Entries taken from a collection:
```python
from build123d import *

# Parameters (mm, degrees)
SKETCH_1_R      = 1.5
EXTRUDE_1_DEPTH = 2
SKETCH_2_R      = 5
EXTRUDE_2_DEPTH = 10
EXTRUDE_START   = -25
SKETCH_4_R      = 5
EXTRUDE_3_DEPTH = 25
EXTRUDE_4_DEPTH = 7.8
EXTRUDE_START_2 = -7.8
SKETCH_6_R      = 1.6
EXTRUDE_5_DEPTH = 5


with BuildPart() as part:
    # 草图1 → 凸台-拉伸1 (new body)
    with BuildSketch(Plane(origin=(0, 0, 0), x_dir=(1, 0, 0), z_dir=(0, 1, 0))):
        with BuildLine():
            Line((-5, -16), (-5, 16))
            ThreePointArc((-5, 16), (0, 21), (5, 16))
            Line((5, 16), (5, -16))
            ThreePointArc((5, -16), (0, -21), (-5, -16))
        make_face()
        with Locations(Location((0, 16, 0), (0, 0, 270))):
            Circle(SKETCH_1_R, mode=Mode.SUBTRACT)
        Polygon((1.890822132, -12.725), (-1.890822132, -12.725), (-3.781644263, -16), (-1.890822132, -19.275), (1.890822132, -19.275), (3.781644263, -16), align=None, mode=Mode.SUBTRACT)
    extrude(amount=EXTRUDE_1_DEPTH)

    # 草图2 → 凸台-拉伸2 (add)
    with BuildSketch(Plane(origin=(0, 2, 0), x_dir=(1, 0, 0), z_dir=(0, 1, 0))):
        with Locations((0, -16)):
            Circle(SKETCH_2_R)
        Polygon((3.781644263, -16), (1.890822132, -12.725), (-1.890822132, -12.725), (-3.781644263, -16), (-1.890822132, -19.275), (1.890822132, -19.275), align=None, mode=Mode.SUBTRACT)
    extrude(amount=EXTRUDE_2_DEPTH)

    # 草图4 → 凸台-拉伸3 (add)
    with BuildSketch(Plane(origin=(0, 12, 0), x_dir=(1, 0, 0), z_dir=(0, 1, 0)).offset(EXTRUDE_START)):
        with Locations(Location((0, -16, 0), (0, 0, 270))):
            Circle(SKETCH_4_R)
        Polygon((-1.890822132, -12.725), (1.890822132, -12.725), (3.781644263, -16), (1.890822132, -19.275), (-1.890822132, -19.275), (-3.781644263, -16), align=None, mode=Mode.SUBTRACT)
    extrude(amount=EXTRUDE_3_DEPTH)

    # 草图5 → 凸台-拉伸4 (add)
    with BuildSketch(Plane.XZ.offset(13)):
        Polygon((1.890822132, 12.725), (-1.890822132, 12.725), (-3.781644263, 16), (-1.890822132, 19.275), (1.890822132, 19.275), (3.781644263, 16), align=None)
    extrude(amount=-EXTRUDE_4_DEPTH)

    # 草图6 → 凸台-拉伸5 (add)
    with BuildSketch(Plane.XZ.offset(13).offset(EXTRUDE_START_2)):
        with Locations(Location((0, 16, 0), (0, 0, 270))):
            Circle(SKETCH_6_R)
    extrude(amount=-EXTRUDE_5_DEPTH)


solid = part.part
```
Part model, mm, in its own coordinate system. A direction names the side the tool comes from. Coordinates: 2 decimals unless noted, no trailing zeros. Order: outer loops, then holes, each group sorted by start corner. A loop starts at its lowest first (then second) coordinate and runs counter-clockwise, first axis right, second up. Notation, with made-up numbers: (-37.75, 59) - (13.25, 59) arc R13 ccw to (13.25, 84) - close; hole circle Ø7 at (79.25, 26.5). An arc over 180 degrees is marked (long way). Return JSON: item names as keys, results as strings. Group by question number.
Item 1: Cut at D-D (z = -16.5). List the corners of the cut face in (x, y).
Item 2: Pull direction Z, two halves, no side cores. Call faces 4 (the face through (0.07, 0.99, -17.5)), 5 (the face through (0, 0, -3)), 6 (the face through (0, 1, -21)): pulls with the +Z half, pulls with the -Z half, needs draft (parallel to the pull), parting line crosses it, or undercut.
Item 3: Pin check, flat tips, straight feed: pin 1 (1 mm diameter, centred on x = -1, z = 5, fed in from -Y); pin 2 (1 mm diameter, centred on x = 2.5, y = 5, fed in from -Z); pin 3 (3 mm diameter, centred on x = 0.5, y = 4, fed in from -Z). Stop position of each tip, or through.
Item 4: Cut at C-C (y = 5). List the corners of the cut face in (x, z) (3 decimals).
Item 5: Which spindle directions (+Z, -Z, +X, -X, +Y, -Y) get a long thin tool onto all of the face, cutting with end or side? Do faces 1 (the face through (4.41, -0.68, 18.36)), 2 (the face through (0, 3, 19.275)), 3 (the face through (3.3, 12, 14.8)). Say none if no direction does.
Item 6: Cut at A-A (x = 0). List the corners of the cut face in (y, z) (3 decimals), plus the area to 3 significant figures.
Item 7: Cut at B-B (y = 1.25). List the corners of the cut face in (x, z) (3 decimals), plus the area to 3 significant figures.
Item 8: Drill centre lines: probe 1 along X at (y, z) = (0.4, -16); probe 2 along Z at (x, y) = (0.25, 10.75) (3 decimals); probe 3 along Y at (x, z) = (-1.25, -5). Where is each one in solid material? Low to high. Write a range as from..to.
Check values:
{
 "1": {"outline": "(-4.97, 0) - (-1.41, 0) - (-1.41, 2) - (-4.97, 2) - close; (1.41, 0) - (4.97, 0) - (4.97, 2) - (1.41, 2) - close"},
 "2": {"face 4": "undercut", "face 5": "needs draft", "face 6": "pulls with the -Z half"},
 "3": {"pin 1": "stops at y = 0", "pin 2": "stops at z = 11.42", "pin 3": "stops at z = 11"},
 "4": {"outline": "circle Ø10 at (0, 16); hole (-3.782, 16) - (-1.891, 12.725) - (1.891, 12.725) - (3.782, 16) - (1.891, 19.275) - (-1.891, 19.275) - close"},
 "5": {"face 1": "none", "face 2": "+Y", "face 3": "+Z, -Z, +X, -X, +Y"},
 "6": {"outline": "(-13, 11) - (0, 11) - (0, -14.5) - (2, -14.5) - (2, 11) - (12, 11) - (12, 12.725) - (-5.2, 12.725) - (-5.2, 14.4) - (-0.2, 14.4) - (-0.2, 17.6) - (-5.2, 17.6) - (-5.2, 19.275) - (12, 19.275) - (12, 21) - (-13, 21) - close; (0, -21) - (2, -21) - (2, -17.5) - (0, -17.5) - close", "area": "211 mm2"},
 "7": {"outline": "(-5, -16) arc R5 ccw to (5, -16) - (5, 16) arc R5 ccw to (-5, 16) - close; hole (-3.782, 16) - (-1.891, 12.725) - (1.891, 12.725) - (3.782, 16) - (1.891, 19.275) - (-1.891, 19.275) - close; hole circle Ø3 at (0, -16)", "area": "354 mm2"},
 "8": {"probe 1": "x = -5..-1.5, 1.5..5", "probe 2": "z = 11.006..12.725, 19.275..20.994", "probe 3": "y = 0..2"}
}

Exercise aim: Please output the entries above, every line exactly as it reads.

Output of the task:
```python
from build123d import *

# Parameters (mm, degrees)
SKETCH_1_R      = 1.5
EXTRUDE_1_DEPTH = 2
SKETCH_2_R      = 5
EXTRUDE_2_DEPTH = 10
EXTRUDE_START   = -25
SKETCH_4_R      = 5
EXTRUDE_3_DEPTH = 25
EXTRUDE_4_DEPTH = 7.8
EXTRUDE_START_2 = -7.8
SKETCH_6_R      = 1.6
EXTRUDE_5_DEPTH = 5


with BuildPart() as part:
    # 草图1 → 凸台-拉伸1 (new body)
    with BuildSketch(Plane(origin=(0, 0, 0), x_dir=(1, 0, 0), z_dir=(0, 1, 0))):
        with BuildLine():
            Line((-5, -16), (-5, 16))
            ThreePointArc((-5, 16), (0, 21), (5, 16))
            Line((5, 16), (5, -16))
            ThreePointArc((5, -16), (0, -21), (-5, -16))
        make_face()
        with Locations(Location((0, 16, 0), (0, 0, 270))):
            Circle(SKETCH_1_R, mode=Mode.SUBTRACT)
        Polygon((1.890822132, -12.725), (-1.890822132, -12.725), (-3.781644263, -16), (-1.890822132, -19.275), (1.890822132, -19.275), (3.781644263, -16), align=None, mode=Mode.SUBTRACT)
    extrude(amount=EXTRUDE_1_DEPTH)

    # 草图2 → 凸台-拉伸2 (add)
    with BuildSketch(Plane(origin=(0, 2, 0), x_dir=(1, 0, 0), z_dir=(0, 1, 0))):
        with Locations((0, -16)):
            Circle(SKETCH_2_R)
        Polygon((3.781644263, -16), (1.890822132, -12.725), (-1.890822132, -12.725), (-3.781644263, -16), (-1.890822132, -19.275), (1.890822132, -19.275), align=None, mode=Mode.SUBTRACT)
    extrude(amount=EXTRUDE_2_DEPTH)

    # 草图4 → 凸台-拉伸3 (add)
    with BuildSketch(Plane(origin=(0, 12, 0), x_dir=(1, 0, 0), z_dir=(0, 1, 0)).offset(EXTRUDE_START)):
        with Locations(Location((0, -16, 0), (0, 0, 270))):
            Circle(SKETCH_4_R)
        Polygon((-1.890822132, -12.725), (1.890822132, -12.725), (3.781644263, -16), (1.890822132, -19.275), (-1.890822132, -19.275), (-3.781644263, -16), align=None, mode=Mode.SUBTRACT)
    extrude(amount=EXTRUDE_3_DEPTH)

    # 草图5 → 凸台-拉伸4 (add)
    with BuildSketch(Plane.XZ.offset(13)):
        Polygon((1.890822132, 12.725), (-1.890822132, 12.725), (-3.781644263, 16), (-1.890822132, 19.275), (1.890822132, 19.275), (3.781644263, 16), align=None)
    extrude(amount=-EXTRUDE_4_DEPTH)

    # 草图6 → 凸台-拉伸5 (add)
    with BuildSketch(Plane.XZ.offset(13).offset(EXTRUDE_START_2)):
        with Locations(Location((0, 16, 0), (0, 0, 270))):
            Circle(SKETCH_6_R)
    extrude(amount=-EXTRUDE_5_DEPTH)


solid = part.part
```
Part model, mm, in its own coordinate system. A direction names the side the tool comes from. Coordinates: 2 decimals unless noted, no trailing zeros. Order: outer loops, then holes, each group sorted by start corner. A loop starts at its lowest first (then second) coordinate and runs counter-clockwise, first axis right, second up. Notation, with made-up numbers: (-37.75, 59) - (13.25, 59) arc R13 ccw to (13.25, 84) - close; hole circle Ø7 at (79.25, 26.5). An arc over 180 degrees is marked (long way). Return JSON: item names as keys, results as strings. Group by question number.
Item 1: Cut at D-D (z = -16.5). List the corners of the cut face in (x, y).
Item 2: Pull direction Z, two halves, no side cores. Call faces 4 (the face through (0.07, 0.99, -17.5)), 5 (the face through (0, 0, -3)), 6 (the face through (0, 1, -21)): pulls with the +Z half, pulls with the -Z half, needs draft (parallel to the pull), parting line crosses it, or undercut.
Item 3: Pin check, flat tips, straight feed: pin 1 (1 mm diameter, centred on x = -1, z = 5, fed in from -Y); pin 2 (1 mm diameter, centred on x = 2.5, y = 5, fed in from -Z); pin 3 (3 mm diameter, centred on x = 0.5, y = 4, fed in from -Z). Stop position of each tip, or through.
Item 4: Cut at C-C (y = 5). List the corners of the cut face in (x, z) (3 decimals).
Item 5: Which spindle directions (+Z, -Z, +X, -X, +Y, -Y) get a long thin tool onto all of the face, cutting with end or side? Do faces 1 (the face through (4.41, -0.68, 18.36)), 2 (the face through (0, 3, 19.275)), 3 (the face through (3.3, 12, 14.8)). Say none if no direction does.
Item 6: Cut at A-A (x = 0). List the corners of the cut face in (y, z) (3 decimals), plus the area to 3 significant figures.
Item 7: Cut at B-B (y = 1.25). List the corners of the cut face in (x, z) (3 decimals), plus the area to 3 significant figures.
Item 8: Drill centre lines: probe 1 along X at (y, z) = (0.4, -16); probe 2 along Z at (x, y) = (0.25, 10.75) (3 decimals); probe 3 along Y at (x, z) = (-1.25, -5). Where is each one in solid material? Low to high. Write a range as from..to.
Check values:
{
 "1": {"outline": "(-4.97, 0) - (-1.41, 0) - (-1.41, 2) - (-4.97, 2) - close; (1.41, 0) - (4.97, 0) - (4.97, 2) - (1.41, 2) - close"},
 "2": {"face 4": "undercut", "face 5": "needs draft", "face 6": "pulls with the -Z half"},
 "3": {"pin 1": "stops at y = 0", "pin 2": "stops at z = 11.42", "pin 3": "stops at z = 11"},
 "4": {"outline": "circle Ø10 at (0, 16); hole (-3.782, 16) - (-1.891, 12.725) - (1.891, 12.725) - (3.782, 16) - (1.891, 19.275) - (-1.891, 19.275) - close"},
 "5": {"face 1": "none", "face 2": "+Y", "face 3": "+Z, -Z, +X, -X, +Y"},
 "6": {"outline": "(-13, 11) - (0, 11) - (0, -14.5) - (2, -14.5) - (2, 11) - (12, 11) - (12, 12.725) - (-5.2, 12.725) - (-5.2, 14.4) - (-0.2, 14.4) - (-0.2, 17.6) - (-5.2, 17.6) - (-5.2, 19.275) - (12, 19.275) - (12, 21) - (-13, 21) - close; (0, -21) - (2, -21) - (2, -17.5) - (0, -17.5) - close", "area": "211 mm2"},
 "7": {"outline": "(-5, -16) arc R5 ccw to (5, -16) - (5, 16) arc R5 ccw to (-5, 16) - close; hole (-3.782, 16) - (-1.891, 12.725) - (1.891, 12.725) - (3.782, 16) - (1.891, 19.275) - (-1.891, 19.275) - close; hole circle Ø3 at (0, -16)", "area": "354 mm2"},
 "8": {"probe 1": "x = -5..-1.5, 1.5..5", "probe 2": "z = 11.006..12.725, 19.275..20.994", "probe 3": "y = 0..2"}
}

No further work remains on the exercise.